Nati tra gli anni 80′ e la fine degli anni 90′ i Millennials, la net-generation o Generazione Y, sono quelli che, come me, venivano da un mondo di granitiche certezze ed andavano, a loro insaputa, verso un mondo liquido.
E’ l’11 settembre 2001: il crollo delle Torri Gemelle. E’ l’inizio della fine della stabilità politica ed economica che avevano vissuto i nostri genitori. Io ho solo 14 anni, è la prima ginnasio al Liceo Classico Antonio Canova di Treviso.
Arriva il 2006, ho 17 anni, esce il Nokia 5200, i cellulari di stavano dotando della fotocamera. Nascono i selfie. Qualcosa stava cambiando, ma non ce n’eravamo ancora accorti.
Ecco il 2007, la crisi dei mutui subprime. La Crisi; la Crisi con la C maiuscola. Il mercato è destinato ad andare letteralmente in pezzi, in un effetto domino legato alla bolla immobiliare americana, ma a noi Letizia Moratti raccontava ancora il vecchio adagio: “andate all’università e troverete un lavoro sicuro“.

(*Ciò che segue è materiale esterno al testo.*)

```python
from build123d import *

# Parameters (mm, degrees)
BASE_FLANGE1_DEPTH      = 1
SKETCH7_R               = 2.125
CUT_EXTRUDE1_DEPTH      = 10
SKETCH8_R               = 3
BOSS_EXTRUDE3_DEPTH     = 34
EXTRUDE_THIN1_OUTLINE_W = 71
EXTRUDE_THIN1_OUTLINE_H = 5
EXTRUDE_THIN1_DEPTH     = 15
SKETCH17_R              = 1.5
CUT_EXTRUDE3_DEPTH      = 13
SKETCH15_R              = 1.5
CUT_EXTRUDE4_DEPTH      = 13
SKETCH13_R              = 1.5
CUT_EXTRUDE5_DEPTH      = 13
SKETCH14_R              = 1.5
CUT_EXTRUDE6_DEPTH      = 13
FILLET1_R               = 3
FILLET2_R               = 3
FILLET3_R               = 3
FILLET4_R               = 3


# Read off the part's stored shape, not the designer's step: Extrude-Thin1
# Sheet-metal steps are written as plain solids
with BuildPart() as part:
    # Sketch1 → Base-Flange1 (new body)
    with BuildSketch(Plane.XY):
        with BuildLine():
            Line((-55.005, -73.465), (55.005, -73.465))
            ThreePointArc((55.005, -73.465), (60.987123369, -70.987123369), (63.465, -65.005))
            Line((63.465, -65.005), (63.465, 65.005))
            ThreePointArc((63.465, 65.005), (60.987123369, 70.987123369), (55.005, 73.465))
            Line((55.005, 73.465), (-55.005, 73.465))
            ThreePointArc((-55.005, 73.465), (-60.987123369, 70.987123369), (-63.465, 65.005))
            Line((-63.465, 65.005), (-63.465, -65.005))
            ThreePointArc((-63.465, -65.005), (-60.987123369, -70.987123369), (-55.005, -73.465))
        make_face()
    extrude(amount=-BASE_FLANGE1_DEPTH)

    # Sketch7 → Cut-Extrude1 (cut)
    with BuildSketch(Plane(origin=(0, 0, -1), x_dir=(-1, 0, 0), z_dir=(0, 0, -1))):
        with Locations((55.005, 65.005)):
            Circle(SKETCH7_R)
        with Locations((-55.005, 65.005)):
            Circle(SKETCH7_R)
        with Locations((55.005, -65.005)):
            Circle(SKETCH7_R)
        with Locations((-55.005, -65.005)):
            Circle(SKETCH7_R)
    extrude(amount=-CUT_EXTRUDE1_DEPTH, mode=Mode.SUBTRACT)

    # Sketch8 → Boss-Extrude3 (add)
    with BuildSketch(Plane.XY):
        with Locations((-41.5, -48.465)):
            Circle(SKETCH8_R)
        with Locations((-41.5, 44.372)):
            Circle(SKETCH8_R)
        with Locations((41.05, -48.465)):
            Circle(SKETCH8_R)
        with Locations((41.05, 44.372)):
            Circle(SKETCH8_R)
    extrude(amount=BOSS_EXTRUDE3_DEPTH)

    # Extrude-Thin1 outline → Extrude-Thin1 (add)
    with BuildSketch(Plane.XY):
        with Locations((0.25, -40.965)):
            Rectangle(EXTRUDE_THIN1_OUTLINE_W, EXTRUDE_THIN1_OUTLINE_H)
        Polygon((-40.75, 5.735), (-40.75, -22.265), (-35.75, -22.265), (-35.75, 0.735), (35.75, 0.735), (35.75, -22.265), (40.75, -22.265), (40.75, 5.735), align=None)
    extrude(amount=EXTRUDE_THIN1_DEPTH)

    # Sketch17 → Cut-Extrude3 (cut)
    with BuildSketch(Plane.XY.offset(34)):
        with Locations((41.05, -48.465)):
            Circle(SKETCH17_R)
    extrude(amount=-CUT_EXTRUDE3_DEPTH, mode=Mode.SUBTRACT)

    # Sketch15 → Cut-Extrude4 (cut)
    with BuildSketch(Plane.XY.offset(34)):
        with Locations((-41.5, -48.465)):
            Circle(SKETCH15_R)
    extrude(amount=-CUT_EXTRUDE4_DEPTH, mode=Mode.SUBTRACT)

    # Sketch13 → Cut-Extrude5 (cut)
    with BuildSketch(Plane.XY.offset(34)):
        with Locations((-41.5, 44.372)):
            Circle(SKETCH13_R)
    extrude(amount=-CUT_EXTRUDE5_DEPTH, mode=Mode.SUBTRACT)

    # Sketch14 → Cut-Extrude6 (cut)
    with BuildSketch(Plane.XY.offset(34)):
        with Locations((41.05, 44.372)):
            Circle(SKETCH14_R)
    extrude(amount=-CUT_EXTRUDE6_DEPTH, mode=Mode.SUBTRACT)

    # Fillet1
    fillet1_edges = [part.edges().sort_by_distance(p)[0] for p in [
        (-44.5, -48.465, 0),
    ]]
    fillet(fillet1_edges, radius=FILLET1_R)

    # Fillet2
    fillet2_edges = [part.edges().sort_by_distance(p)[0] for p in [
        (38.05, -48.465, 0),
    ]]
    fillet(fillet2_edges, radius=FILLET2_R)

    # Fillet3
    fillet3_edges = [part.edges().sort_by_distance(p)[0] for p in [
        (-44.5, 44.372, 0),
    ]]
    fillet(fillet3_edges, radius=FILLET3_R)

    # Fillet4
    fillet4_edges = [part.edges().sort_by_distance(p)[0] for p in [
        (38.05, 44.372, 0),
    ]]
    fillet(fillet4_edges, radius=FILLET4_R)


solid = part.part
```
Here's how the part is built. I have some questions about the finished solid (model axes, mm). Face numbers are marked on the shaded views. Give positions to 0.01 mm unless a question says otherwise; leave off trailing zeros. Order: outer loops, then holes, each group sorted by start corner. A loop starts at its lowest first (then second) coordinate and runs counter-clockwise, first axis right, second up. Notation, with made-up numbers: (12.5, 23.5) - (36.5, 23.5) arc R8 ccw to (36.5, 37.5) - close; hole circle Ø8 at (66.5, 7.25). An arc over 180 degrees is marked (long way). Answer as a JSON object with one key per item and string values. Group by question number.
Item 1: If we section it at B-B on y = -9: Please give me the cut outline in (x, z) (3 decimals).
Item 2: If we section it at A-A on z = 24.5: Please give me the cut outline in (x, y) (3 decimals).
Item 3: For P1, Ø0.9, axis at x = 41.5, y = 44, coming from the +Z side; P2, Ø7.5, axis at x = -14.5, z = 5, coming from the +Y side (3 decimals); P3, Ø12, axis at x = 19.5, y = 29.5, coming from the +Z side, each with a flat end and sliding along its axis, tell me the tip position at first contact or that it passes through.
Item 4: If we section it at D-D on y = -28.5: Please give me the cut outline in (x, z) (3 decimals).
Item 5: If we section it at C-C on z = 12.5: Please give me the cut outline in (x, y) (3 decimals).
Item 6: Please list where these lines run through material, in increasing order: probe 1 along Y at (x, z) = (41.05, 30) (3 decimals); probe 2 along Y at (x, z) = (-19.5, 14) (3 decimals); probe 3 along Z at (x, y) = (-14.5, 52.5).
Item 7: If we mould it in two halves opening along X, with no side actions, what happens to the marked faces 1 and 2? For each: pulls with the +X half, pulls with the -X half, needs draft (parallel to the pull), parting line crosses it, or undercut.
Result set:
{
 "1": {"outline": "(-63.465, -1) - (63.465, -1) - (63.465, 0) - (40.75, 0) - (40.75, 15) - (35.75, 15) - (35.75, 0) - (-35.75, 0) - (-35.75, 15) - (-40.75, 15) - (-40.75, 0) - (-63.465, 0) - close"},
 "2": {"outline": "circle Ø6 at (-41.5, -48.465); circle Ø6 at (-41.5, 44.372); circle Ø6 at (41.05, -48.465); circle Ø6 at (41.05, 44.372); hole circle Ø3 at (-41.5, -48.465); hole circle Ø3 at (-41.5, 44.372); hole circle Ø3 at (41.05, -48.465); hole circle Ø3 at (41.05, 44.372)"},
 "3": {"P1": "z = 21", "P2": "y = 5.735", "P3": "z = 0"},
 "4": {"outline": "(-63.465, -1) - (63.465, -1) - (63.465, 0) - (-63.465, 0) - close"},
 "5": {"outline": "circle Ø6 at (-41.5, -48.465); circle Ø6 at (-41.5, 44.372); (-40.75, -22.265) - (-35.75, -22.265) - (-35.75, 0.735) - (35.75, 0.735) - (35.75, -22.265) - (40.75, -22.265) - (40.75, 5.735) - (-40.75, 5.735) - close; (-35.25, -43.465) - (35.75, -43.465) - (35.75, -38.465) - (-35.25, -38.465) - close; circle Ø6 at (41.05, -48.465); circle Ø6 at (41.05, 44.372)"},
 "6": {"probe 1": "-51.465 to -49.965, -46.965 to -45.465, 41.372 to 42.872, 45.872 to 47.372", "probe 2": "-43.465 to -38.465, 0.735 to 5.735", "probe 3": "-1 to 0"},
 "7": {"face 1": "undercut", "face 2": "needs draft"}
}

Nel frattempo la finanza diventava sempre più scollata dalla realtà, e nel pieno di una crisi mondiale, a Wall Street era pronto a sbarcare un astro nascente: Facebook. Qualcuno doveva pur capitalizzare sui nostri selfie!
Nata come un app universitaria nel lontano 2004, Facebook esplode in italia nel 2008 e diventa presto così imponente da fare da capostipite ad una nuova era: i social networks.
E’ il 2010, nasce Instragram; nel 2012 viene acquisita da Facebook.
La nostra vita è ufficialmente cambiata. I cellulari ormai sono touch screen, internet non solo è ADSL ma è persino fibra ottica. Senza un telefonino non si va più da nessuna parte. Il dating passa dalle discoteche (in piena crisi) alle app di incontri: più bassa è la qualità della tua fotocamera, più bassa sarà la tua percentuale di uscire con qualcuno. Iphone vs. Samsung: la battaglia mortale tra smartphone.
Internet ha colonizzato la nostra vita, e noi ci siamo lasciati conquistare.
Qualcosa però è rimasto come negli anni 90′: la narrazione del mondo.
La classe politica, i media, le stesse canzoni che sentiamo quotidianamente, non hanno smesso di parlarci con un linguaggio antico: posto fisso, amore eterno, sempre e per sempre.
Questo ha creato l’ennesimo scollamento con la realtà. Viviamo in Matrix lagnandocene ogni giorno.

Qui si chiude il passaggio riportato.